Plans had long been afoot to extend. Soon after the Kings bought the house they commissioned a firm of local architects to come up with some ideas. Plans were drawn up and permission obtained but the project languished for many years.
Jeremy, meanwhile, had qualified as an architect in his own right. He had also become increasingly interested in the modernist style while working for the Hudson Featherstone partnership - principally known for the futuristic Baggy Hall on the north coast of Devon. Jeremy stayed with them for several years before setting up his own west London-based practice in 2002.
The idea of designing an extension for Pound Cottage was subsequently revived. They dug up the old plans and Jeremy began poring over them. He approved some of the points, in particular the resolve to build the extension on the site of a former garage - derelict but lending symmetry to the house and serving to partially screen it from the village green.
However, he wasn't happy with much of the original design and felt not enough attention had been paid to maximising light. So, he tweaked and adapted and got back in touch with the planning authority. The upshot of this was to relegate the existing kitchen to the status of utility room and to replace it with a new one incorporated into a 60sqm wing parallel to the drive. The entry point to this was a new front door opening into a single-storey glass vestibule which connected to the glass passageway at the back of the house.
A new garage was installed to the rear of the wing as well as a sheltered veranda area overlooking the back garden. However, the star turn was the kitchen, linked to the body of the house by the glass vestibule.
"I had come to realise that the kitchen needed to be positioned next to the garden," says Jeremy. The garden had become an integral part of the house with its east-facing terrace directly accessed through the kitchen's french windows.
The windows, like the outer walls, were latticed with iroko strips. "It's a way of disguising the glass," says Jeremy. "Rather than having big shouting apertures, I wanted to incorporate larger areas of glass into the elevation but in a disguised way. I like the way the timber-cladding of the barn is echoed in the wooden strips across the windows."
Inside, too, the kitchen is bathed in light. Huge arc lights hang from its vaulted ceiling while a south-facing oriel window has been added above the vestibule to let in yet more sunlight.

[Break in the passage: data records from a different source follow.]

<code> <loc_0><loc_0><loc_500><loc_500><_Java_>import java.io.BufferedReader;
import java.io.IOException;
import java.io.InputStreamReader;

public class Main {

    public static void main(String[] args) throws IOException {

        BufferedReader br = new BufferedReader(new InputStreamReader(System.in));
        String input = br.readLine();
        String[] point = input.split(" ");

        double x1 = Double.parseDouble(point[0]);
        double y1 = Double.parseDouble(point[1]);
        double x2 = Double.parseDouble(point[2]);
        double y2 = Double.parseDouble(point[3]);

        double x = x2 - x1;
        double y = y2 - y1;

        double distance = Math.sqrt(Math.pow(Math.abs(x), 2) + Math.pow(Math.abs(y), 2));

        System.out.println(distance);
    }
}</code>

To the opposite side of the kitchen from the French windows, meanwhile, slit observation windows and a ventilation shaft above the customised units enable Jeremy's mother to indulge her twin passions of smoking cigarettes and keeping a watchful eye on her neighbours at the same time.
The Kings are delighted with the extension. "It's breathed new life into the place," says Jeremy. "It has altered our relationship to the house and the way it is used. It has corrected the circulation and all the internal spaces now feel properly balanced. The new kitchen has become the living heart of the house."

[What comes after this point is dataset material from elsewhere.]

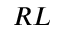Convert formula to latex. <formula><loc_0><loc_0><loc_500><loc_500>R L</formula>

Apart from scooping a prestigious RIBA award for the project, it seems to have marked out Jeremy's future career as a specialist in designing tasteful modernist extensions to historically sensitive buildings.
"What gives me the greatest architectural satisfaction is incorporating the best elements of modern design - especially use of space and light - within older buildings. It's always such a challenge but when you get it right it can be immensely rewarding."